▸ **How to complete this task**
Where the records below show the word "item" in a line, please copy that line.

▼▼▼

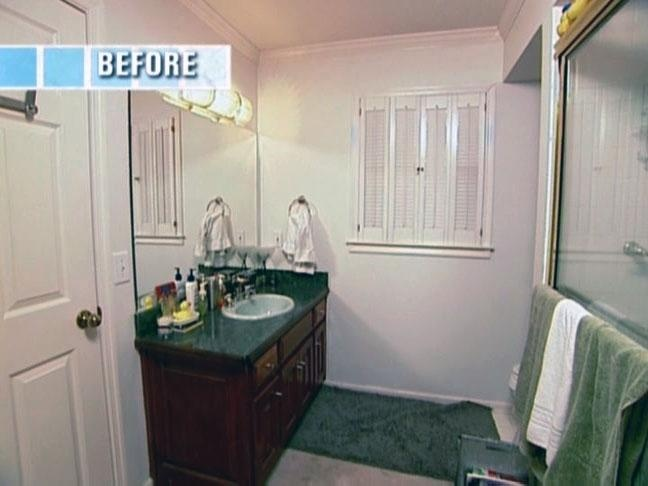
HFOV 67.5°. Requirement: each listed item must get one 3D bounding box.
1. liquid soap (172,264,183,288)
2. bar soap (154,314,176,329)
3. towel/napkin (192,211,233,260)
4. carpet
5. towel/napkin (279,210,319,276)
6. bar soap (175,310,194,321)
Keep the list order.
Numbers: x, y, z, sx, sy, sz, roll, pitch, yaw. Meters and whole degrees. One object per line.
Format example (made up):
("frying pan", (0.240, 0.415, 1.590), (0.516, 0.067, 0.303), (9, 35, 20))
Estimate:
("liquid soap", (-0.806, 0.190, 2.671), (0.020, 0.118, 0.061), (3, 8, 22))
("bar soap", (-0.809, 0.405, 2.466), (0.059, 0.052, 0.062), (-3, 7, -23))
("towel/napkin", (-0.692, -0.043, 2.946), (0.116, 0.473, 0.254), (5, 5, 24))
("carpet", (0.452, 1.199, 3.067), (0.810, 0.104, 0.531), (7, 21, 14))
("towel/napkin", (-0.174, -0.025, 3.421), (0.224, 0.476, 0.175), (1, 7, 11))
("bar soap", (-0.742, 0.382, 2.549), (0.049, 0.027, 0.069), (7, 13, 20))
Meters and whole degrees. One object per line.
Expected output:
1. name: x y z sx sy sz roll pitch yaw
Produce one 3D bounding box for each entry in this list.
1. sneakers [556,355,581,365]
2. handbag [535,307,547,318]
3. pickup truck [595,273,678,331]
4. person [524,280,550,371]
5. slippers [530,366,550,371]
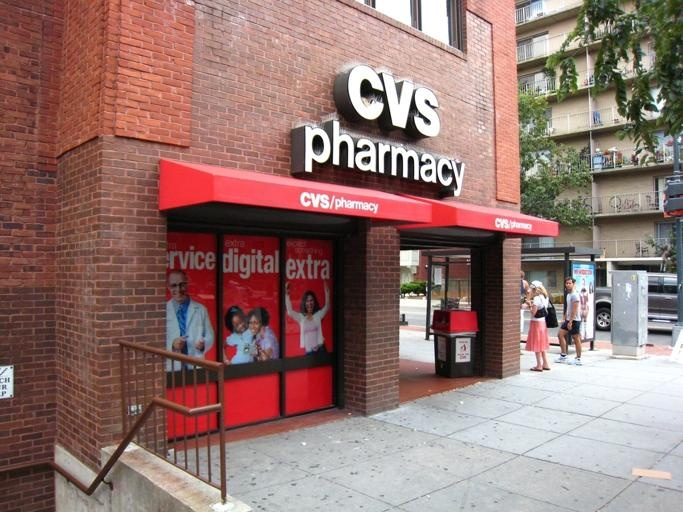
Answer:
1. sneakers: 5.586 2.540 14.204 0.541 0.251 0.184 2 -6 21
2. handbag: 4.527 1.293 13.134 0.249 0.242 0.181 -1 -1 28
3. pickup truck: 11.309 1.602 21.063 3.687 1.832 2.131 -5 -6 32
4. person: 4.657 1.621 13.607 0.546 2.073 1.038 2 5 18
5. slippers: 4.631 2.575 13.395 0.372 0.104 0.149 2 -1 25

▲▲▲
▼▼▼

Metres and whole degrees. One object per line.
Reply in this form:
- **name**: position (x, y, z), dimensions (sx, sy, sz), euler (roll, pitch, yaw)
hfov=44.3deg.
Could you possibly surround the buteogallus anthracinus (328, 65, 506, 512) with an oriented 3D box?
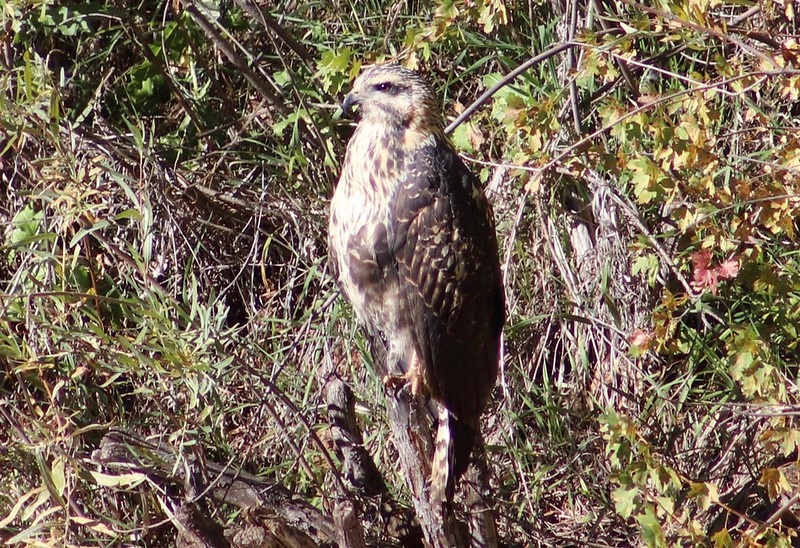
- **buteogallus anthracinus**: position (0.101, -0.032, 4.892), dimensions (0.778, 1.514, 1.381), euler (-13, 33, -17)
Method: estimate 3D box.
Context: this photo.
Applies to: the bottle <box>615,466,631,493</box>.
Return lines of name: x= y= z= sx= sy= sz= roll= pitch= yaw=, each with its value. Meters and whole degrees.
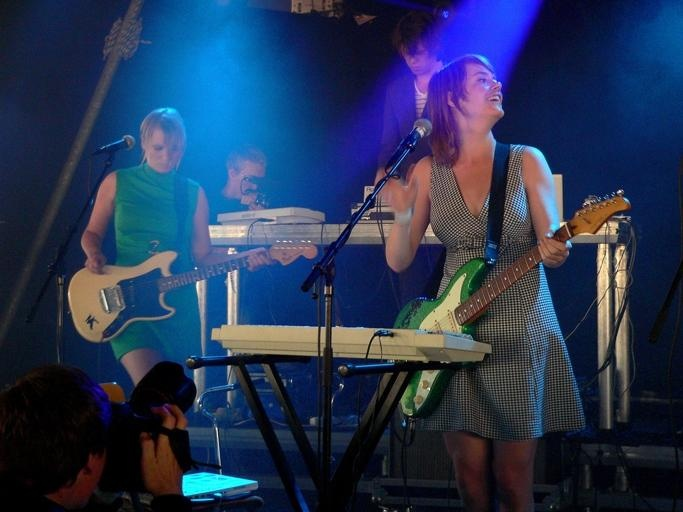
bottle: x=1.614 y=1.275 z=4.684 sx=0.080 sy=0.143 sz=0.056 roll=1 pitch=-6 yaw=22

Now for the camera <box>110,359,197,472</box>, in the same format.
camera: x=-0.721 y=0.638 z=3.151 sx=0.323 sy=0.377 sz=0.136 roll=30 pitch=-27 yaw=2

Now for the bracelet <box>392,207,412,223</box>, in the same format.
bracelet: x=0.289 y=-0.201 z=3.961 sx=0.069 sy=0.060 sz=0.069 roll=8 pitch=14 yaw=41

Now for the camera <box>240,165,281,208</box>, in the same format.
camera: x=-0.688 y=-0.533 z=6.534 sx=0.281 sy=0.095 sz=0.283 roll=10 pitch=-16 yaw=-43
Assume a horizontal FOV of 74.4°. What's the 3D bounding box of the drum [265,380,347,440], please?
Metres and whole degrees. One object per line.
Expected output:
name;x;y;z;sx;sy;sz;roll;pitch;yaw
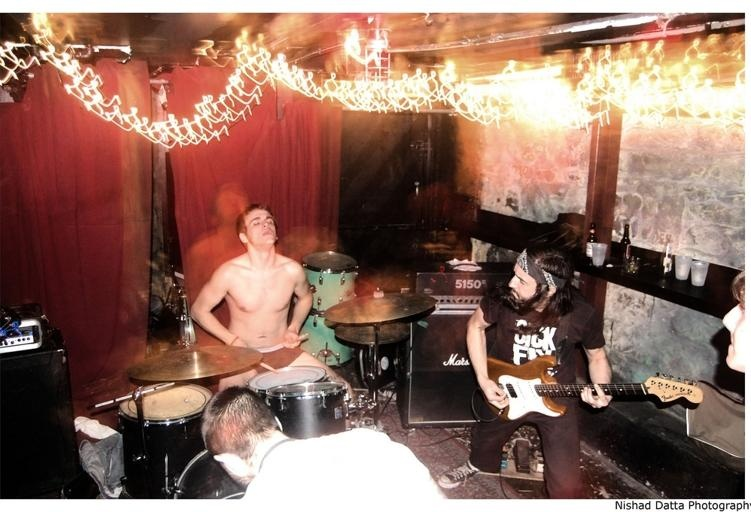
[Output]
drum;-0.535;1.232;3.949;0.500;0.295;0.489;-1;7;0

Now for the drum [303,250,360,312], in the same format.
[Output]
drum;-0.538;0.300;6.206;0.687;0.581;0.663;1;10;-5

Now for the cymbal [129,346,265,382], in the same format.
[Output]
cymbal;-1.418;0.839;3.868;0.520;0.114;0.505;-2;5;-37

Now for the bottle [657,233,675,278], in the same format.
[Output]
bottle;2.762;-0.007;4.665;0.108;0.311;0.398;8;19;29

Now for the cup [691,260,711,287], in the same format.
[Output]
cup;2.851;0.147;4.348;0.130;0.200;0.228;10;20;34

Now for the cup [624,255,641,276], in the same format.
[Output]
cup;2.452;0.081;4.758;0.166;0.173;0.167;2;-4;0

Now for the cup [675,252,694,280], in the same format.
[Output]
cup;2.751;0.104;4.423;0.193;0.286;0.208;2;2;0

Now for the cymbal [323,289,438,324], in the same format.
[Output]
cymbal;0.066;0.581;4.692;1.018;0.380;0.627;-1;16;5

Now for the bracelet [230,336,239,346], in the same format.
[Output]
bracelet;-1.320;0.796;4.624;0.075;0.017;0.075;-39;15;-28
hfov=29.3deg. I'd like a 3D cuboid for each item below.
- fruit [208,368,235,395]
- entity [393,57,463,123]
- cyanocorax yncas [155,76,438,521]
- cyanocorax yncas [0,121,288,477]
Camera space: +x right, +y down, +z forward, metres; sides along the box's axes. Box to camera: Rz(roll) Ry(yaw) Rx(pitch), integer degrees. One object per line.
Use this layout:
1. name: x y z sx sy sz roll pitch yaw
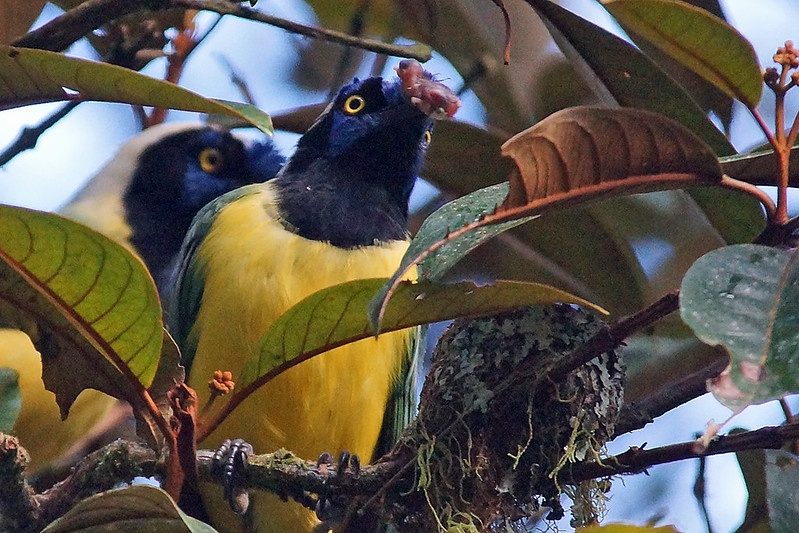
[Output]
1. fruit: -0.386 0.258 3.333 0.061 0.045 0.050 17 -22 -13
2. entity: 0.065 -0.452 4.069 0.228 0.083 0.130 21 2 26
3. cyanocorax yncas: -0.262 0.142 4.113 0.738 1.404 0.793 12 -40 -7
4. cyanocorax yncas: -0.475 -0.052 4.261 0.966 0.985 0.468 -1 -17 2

▲▲▲

▸ **Solution for this problem**
HFOV 67.5°. Requirement: each listed item must get one 3D bounding box.
hfov=29.3deg. I'd like a 3D cuboid for each item below.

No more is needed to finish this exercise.